> **Problem to work on**: Reproduce what is written in the records below exactly, and leave out the images.

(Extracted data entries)
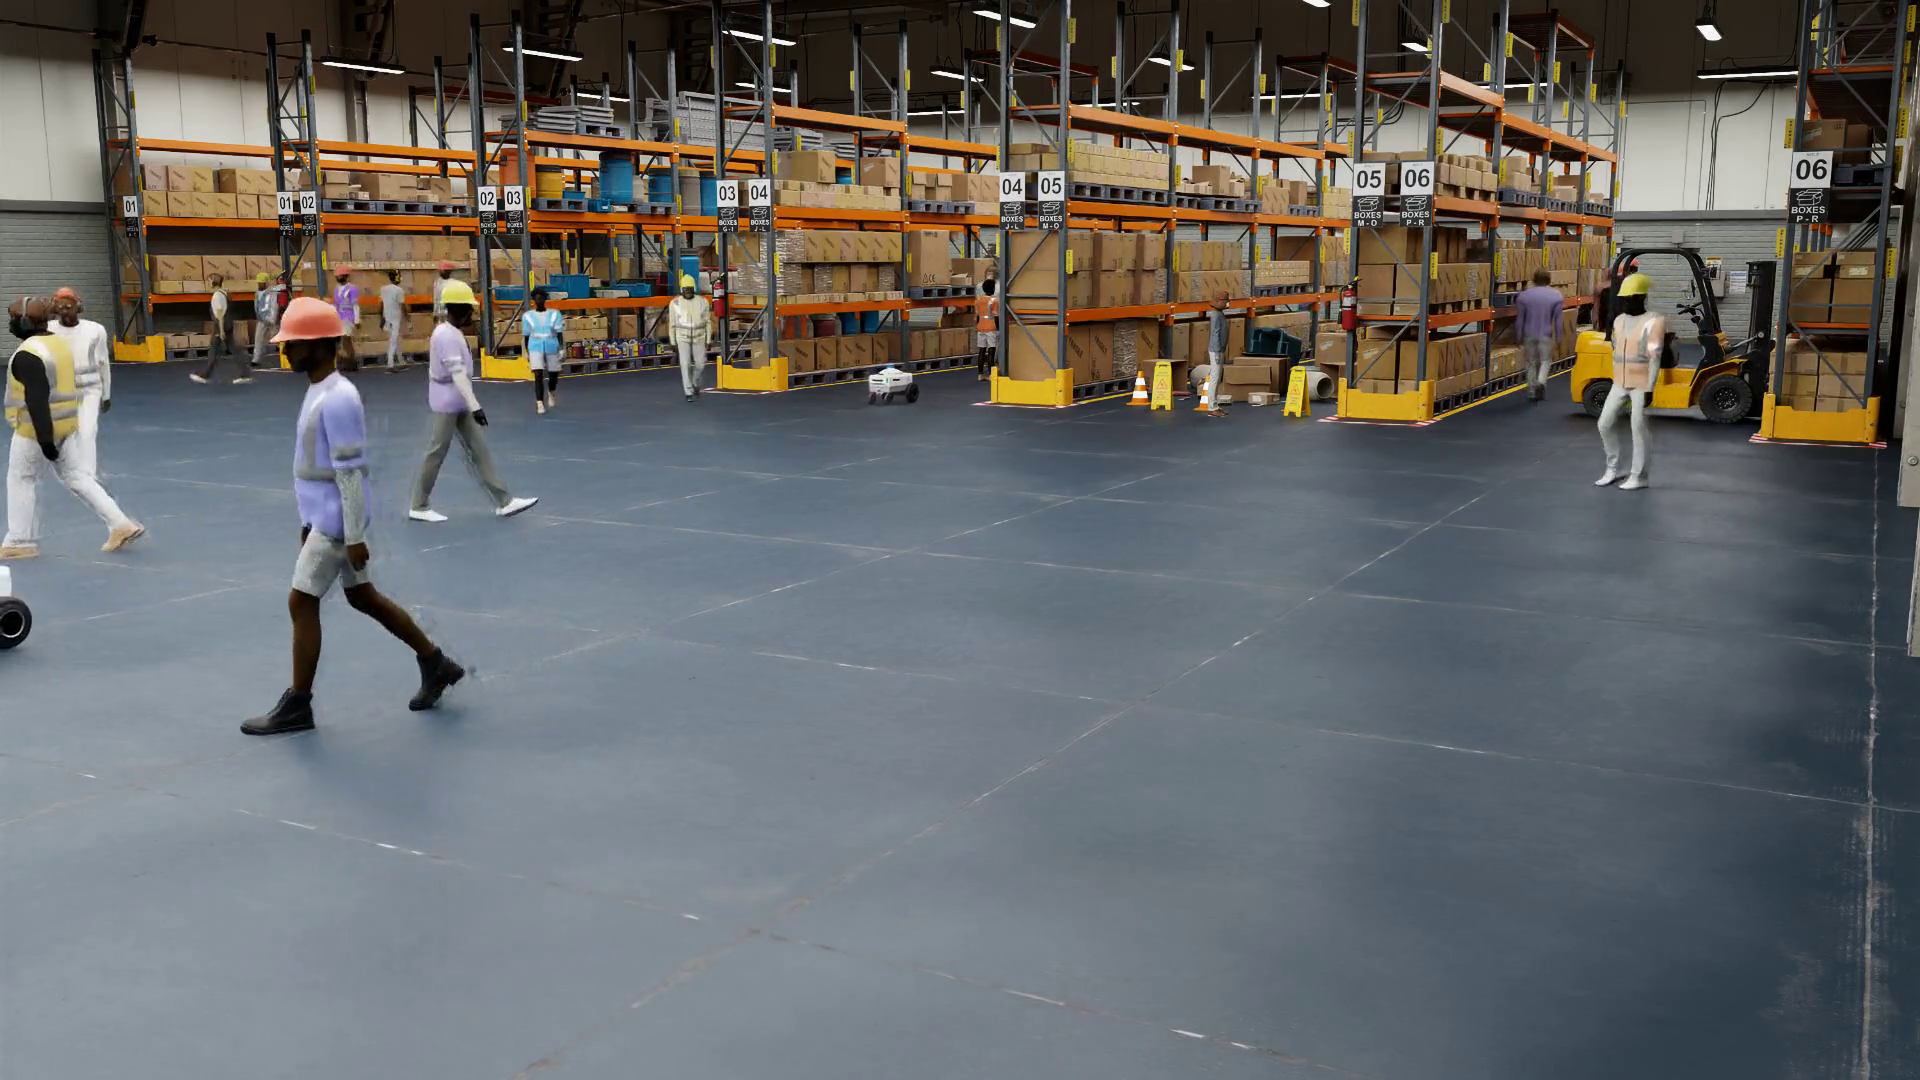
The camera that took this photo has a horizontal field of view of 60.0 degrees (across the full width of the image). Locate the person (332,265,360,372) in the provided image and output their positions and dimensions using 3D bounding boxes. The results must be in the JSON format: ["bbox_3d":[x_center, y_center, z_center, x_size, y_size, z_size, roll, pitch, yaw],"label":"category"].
[{"bbox_3d":[-11.023,-3.948,29.732,0.562,1.917,0.607,8,12,38],"label":"person"}]

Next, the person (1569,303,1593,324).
[{"bbox_3d":[13.384,-5.046,35.780,0.544,2.000,0.692,7,12,35],"label":"person"}]

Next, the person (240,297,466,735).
[{"bbox_3d":[-2.686,-0.117,7.342,0.937,1.908,0.554,-4,11,-23],"label":"person"}]

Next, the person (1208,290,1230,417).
[{"bbox_3d":[3.361,-2.416,21.575,0.281,1.633,0.500,3,10,16],"label":"person"}]

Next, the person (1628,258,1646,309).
[{"bbox_3d":[12.955,-4.439,32.231,0.615,2.038,0.395,5,11,27],"label":"person"}]

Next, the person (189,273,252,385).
[{"bbox_3d":[-11.974,-3.404,26.867,0.969,1.798,0.527,-1,10,-4],"label":"person"}]

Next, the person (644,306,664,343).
[{"bbox_3d":[-6.397,-4.556,34.229,0.530,1.580,0.873,5,11,28],"label":"person"}]

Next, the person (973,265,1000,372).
[{"bbox_3d":[0.603,-4.012,30.104,0.636,1.916,0.755,6,11,31],"label":"person"}]

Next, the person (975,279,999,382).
[{"bbox_3d":[0.475,-3.448,27.431,0.317,1.696,0.539,-8,13,-40],"label":"person"}]

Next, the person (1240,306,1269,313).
[{"bbox_3d":[6.341,-4.940,35.803,0.643,1.832,0.435,5,11,28],"label":"person"}]

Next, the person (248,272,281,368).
[{"bbox_3d":[-12.933,-4.129,31.203,0.594,1.789,0.860,5,11,25],"label":"person"}]

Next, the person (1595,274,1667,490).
[{"bbox_3d":[5.934,-1.383,14.721,0.522,1.911,0.599,-5,11,-27],"label":"person"}]

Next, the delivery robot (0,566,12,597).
[{"bbox_3d":[-5.322,0.288,8.625,0.477,0.478,0.707,4,10,22],"label":"delivery robot"}]

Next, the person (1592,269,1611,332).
[{"bbox_3d":[11.834,-3.997,30.207,0.641,1.852,1.043,5,11,29],"label":"person"}]

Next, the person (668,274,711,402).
[{"bbox_3d":[-3.846,-2.869,23.688,0.612,1.813,0.423,-2,10,-14],"label":"person"}]

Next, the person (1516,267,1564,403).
[{"bbox_3d":[8.116,-2.859,23.341,0.629,1.925,0.481,5,11,25],"label":"person"}]

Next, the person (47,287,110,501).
[{"bbox_3d":[-7.676,-1.281,14.419,0.587,1.831,0.966,-4,11,-24],"label":"person"}]

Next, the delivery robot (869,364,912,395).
[{"bbox_3d":[-0.974,-2.243,23.442,0.477,0.478,0.707,6,11,30],"label":"delivery robot"}]

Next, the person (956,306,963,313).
[{"bbox_3d":[0.131,-5.540,39.590,0.527,1.727,0.866,4,11,23],"label":"person"}]

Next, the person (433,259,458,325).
[{"bbox_3d":[-9.621,-4.284,31.383,0.622,2.028,0.785,6,11,30],"label":"person"}]

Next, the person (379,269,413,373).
[{"bbox_3d":[-10.015,-3.915,29.741,0.577,1.837,0.848,5,11,29],"label":"person"}]

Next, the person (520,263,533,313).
[{"bbox_3d":[-10.060,-5.537,38.823,0.631,1.977,0.423,8,12,38],"label":"person"}]

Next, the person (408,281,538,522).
[{"bbox_3d":[-3.872,-1.065,12.971,1.002,1.871,0.589,-1,10,-3],"label":"person"}]

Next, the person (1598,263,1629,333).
[{"bbox_3d":[9.945,-3.197,25.219,0.616,1.955,0.955,6,12,33],"label":"person"}]

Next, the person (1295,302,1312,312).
[{"bbox_3d":[7.794,-5.274,37.789,0.483,1.806,0.625,-3,10,-18],"label":"person"}]

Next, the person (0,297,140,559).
[{"bbox_3d":[-6.220,-0.763,11.428,0.924,1.813,0.615,-1,10,-4],"label":"person"}]

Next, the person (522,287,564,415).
[{"bbox_3d":[-5.520,-2.514,22.021,0.537,1.674,0.647,-3,10,-17],"label":"person"}]

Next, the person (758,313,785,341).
[{"bbox_3d":[-3.214,-3.685,28.732,0.494,1.723,0.638,5,11,28],"label":"person"}]

> **Answer box**:
The camera that took this photo has a horizontal field of view of 60.0 degrees (across the full width of the image). Locate the person (332,265,360,372) in the provided image and output their positions and dimensions using 3D bounding boxes. The results must be in the JSON format: ["bbox_3d":[x_center, y_center, z_center, x_size, y_size, z_size, roll, pitch, yaw],"label":"category"].
[{"bbox_3d":[-11.023,-3.948,29.732,0.562,1.917,0.607,8,12,38],"label":"person"}]

Next, the person (1569,303,1593,324).
[{"bbox_3d":[13.384,-5.046,35.780,0.544,2.000,0.692,7,12,35],"label":"person"}]

Next, the person (240,297,466,735).
[{"bbox_3d":[-2.686,-0.117,7.342,0.937,1.908,0.554,-4,11,-23],"label":"person"}]

Next, the person (1208,290,1230,417).
[{"bbox_3d":[3.361,-2.416,21.575,0.281,1.633,0.500,3,10,16],"label":"person"}]

Next, the person (1628,258,1646,309).
[{"bbox_3d":[12.955,-4.439,32.231,0.615,2.038,0.395,5,11,27],"label":"person"}]

Next, the person (189,273,252,385).
[{"bbox_3d":[-11.974,-3.404,26.867,0.969,1.798,0.527,-1,10,-4],"label":"person"}]

Next, the person (644,306,664,343).
[{"bbox_3d":[-6.397,-4.556,34.229,0.530,1.580,0.873,5,11,28],"label":"person"}]

Next, the person (973,265,1000,372).
[{"bbox_3d":[0.603,-4.012,30.104,0.636,1.916,0.755,6,11,31],"label":"person"}]

Next, the person (975,279,999,382).
[{"bbox_3d":[0.475,-3.448,27.431,0.317,1.696,0.539,-8,13,-40],"label":"person"}]

Next, the person (1240,306,1269,313).
[{"bbox_3d":[6.341,-4.940,35.803,0.643,1.832,0.435,5,11,28],"label":"person"}]

Next, the person (248,272,281,368).
[{"bbox_3d":[-12.933,-4.129,31.203,0.594,1.789,0.860,5,11,25],"label":"person"}]

Next, the person (1595,274,1667,490).
[{"bbox_3d":[5.934,-1.383,14.721,0.522,1.911,0.599,-5,11,-27],"label":"person"}]

Next, the delivery robot (0,566,12,597).
[{"bbox_3d":[-5.322,0.288,8.625,0.477,0.478,0.707,4,10,22],"label":"delivery robot"}]

Next, the person (1592,269,1611,332).
[{"bbox_3d":[11.834,-3.997,30.207,0.641,1.852,1.043,5,11,29],"label":"person"}]

Next, the person (668,274,711,402).
[{"bbox_3d":[-3.846,-2.869,23.688,0.612,1.813,0.423,-2,10,-14],"label":"person"}]

Next, the person (1516,267,1564,403).
[{"bbox_3d":[8.116,-2.859,23.341,0.629,1.925,0.481,5,11,25],"label":"person"}]

Next, the person (47,287,110,501).
[{"bbox_3d":[-7.676,-1.281,14.419,0.587,1.831,0.966,-4,11,-24],"label":"person"}]

Next, the delivery robot (869,364,912,395).
[{"bbox_3d":[-0.974,-2.243,23.442,0.477,0.478,0.707,6,11,30],"label":"delivery robot"}]

Next, the person (956,306,963,313).
[{"bbox_3d":[0.131,-5.540,39.590,0.527,1.727,0.866,4,11,23],"label":"person"}]

Next, the person (433,259,458,325).
[{"bbox_3d":[-9.621,-4.284,31.383,0.622,2.028,0.785,6,11,30],"label":"person"}]

Next, the person (379,269,413,373).
[{"bbox_3d":[-10.015,-3.915,29.741,0.577,1.837,0.848,5,11,29],"label":"person"}]

Next, the person (520,263,533,313).
[{"bbox_3d":[-10.060,-5.537,38.823,0.631,1.977,0.423,8,12,38],"label":"person"}]

Next, the person (408,281,538,522).
[{"bbox_3d":[-3.872,-1.065,12.971,1.002,1.871,0.589,-1,10,-3],"label":"person"}]

Next, the person (1598,263,1629,333).
[{"bbox_3d":[9.945,-3.197,25.219,0.616,1.955,0.955,6,12,33],"label":"person"}]

Next, the person (1295,302,1312,312).
[{"bbox_3d":[7.794,-5.274,37.789,0.483,1.806,0.625,-3,10,-18],"label":"person"}]

Next, the person (0,297,140,559).
[{"bbox_3d":[-6.220,-0.763,11.428,0.924,1.813,0.615,-1,10,-4],"label":"person"}]

Next, the person (522,287,564,415).
[{"bbox_3d":[-5.520,-2.514,22.021,0.537,1.674,0.647,-3,10,-17],"label":"person"}]

Next, the person (758,313,785,341).
[{"bbox_3d":[-3.214,-3.685,28.732,0.494,1.723,0.638,5,11,28],"label":"person"}]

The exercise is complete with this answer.